> TASK ITEM
An exact copy is needed of the lines from the one that contains "Reply with a" through the final line of the data below, with pictures left out.

> DATASET EXCERPTS

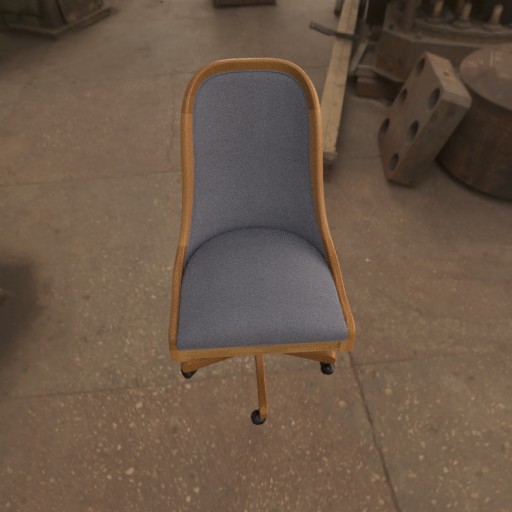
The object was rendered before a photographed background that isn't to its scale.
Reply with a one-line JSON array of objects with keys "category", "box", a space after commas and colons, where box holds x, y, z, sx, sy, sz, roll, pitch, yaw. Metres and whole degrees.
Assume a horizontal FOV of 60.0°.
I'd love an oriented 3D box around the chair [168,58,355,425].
[{"category": "chair", "box": [0.000, 0.000, 1.497, 0.605, 1.031, 0.735, -3, 45, -3]}]
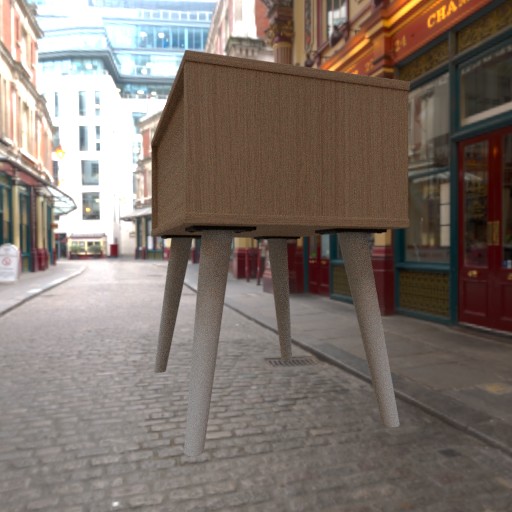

> RESPONSE TO THIS EXERCISE
Reply with a one-line JSON array of objects with keys "category", "box", a space after commas and colons, where box holds x, y, z, sx, sy, sz, roll, pitch, yaw. Metres and whole degrees.
Assume a horizontal FOV of 60.0°.
I'd love an oriented 3D box around the chair [168,58,355,425].
[{"category": "chair", "box": [0.000, 0.000, 1.497, 0.605, 1.031, 0.735, -3, 45, -3]}]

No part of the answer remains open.